Instructions to follow >> Your answer should be the lines of the data below that contain "examining".

Input data >>
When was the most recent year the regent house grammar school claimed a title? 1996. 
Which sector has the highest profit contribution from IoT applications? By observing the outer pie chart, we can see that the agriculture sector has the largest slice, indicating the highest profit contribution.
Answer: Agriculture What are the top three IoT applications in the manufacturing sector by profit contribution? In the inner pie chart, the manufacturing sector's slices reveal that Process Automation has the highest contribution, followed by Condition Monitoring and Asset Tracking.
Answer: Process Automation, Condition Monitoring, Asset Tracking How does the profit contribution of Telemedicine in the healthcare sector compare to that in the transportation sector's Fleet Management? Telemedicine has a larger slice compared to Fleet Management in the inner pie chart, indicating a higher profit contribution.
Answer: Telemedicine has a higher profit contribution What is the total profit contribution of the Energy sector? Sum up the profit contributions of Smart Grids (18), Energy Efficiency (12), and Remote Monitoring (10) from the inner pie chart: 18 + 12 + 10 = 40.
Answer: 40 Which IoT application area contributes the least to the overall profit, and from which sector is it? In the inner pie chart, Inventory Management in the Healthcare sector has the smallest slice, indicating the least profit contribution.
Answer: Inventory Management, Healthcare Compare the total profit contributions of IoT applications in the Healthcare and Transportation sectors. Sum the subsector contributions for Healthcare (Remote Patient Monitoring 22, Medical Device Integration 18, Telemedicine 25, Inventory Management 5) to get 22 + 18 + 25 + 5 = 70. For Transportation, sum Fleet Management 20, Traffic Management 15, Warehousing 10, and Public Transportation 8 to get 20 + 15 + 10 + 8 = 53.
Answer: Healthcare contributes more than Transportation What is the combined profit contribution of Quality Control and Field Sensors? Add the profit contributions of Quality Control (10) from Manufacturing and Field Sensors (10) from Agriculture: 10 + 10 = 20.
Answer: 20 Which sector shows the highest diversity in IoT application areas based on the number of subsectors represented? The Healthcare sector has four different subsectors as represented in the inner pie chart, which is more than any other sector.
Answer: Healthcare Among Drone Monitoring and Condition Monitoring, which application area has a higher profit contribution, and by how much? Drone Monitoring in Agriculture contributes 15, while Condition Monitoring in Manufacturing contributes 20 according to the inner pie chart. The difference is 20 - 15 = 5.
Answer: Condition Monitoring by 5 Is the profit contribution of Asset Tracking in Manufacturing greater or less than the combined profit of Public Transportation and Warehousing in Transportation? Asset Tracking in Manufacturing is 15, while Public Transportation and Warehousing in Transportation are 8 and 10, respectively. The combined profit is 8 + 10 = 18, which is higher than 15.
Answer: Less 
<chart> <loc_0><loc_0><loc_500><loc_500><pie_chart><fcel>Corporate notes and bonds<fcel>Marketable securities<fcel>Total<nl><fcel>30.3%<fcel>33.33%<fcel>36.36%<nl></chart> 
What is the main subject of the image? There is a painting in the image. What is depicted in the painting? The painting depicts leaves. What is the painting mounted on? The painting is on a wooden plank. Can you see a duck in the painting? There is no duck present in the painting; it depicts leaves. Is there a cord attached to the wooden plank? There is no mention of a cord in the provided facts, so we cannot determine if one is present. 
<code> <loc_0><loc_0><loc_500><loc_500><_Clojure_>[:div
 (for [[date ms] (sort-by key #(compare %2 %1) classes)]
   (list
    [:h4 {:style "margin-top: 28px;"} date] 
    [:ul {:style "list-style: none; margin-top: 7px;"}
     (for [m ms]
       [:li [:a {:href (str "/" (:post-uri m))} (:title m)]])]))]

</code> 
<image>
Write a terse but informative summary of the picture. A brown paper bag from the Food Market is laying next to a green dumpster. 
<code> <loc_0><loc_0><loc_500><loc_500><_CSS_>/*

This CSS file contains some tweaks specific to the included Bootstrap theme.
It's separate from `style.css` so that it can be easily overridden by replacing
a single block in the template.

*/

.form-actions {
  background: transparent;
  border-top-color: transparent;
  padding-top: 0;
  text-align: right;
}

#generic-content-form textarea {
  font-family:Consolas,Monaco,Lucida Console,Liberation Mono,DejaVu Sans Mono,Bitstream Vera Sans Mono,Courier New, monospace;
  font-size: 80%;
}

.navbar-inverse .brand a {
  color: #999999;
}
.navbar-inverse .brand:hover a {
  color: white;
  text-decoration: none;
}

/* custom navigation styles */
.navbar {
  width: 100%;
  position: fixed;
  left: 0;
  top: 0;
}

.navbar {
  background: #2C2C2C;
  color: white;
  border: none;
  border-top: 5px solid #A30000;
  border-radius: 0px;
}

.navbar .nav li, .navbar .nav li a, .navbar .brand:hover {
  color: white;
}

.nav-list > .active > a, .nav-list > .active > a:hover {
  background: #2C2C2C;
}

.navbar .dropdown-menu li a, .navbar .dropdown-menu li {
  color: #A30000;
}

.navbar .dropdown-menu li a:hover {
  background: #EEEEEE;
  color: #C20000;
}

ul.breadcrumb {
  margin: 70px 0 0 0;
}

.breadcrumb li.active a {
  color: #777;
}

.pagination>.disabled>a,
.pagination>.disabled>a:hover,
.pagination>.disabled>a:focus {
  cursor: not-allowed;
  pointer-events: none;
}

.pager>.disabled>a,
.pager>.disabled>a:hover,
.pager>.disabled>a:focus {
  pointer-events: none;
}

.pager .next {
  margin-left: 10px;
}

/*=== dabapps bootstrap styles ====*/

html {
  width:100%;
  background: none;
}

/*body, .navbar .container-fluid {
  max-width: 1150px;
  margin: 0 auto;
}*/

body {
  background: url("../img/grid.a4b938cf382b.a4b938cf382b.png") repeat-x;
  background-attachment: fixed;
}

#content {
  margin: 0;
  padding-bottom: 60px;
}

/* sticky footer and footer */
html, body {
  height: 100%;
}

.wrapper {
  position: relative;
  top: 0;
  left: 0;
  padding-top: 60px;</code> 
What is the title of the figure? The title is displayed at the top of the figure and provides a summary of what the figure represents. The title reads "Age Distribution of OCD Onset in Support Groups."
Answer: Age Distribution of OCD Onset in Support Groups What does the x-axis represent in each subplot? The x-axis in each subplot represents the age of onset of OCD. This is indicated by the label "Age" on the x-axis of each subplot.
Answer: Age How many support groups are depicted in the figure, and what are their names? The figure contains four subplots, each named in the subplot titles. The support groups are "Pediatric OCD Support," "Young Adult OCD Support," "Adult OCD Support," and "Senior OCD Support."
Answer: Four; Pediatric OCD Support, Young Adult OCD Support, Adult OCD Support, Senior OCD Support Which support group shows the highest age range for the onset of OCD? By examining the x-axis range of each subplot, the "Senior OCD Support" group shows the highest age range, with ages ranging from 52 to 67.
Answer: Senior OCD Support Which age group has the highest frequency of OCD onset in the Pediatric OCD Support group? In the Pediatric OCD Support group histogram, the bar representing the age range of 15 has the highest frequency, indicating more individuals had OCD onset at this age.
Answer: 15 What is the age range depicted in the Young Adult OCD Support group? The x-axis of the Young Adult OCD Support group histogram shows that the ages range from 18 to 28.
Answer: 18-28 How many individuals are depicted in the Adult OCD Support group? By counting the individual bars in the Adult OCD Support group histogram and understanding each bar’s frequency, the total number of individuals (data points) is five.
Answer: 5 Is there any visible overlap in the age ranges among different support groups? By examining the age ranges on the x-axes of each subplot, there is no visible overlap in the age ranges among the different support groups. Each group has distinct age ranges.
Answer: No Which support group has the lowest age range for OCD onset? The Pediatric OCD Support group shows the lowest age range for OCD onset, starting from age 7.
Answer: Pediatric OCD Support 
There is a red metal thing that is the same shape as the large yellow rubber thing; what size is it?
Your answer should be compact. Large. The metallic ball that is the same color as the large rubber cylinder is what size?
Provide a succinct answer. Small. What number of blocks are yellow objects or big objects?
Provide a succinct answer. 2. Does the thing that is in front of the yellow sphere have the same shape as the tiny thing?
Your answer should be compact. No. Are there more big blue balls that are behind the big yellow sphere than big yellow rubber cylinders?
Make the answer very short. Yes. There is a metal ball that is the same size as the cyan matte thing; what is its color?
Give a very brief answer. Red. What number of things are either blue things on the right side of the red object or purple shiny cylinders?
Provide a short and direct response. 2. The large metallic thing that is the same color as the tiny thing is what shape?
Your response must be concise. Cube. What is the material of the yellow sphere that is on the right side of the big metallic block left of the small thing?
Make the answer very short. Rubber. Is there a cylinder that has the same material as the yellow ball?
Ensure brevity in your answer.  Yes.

Exercise output >>
Answer: Four; Pediatric OCD Support, Young Adult OCD Support, Adult OCD Support, Senior OCD Support Which support group shows the highest age range for the onset of OCD? By examining the x-axis range of each subplot, the "Senior OCD Support" group shows the highest age range, with ages ranging from 52 to 67.
Answer: 5 Is there any visible overlap in the age ranges among different support groups? By examining the age ranges on the x-axes of each subplot, there is no visible overlap in the age ranges among the different support groups. Each group has distinct age ranges.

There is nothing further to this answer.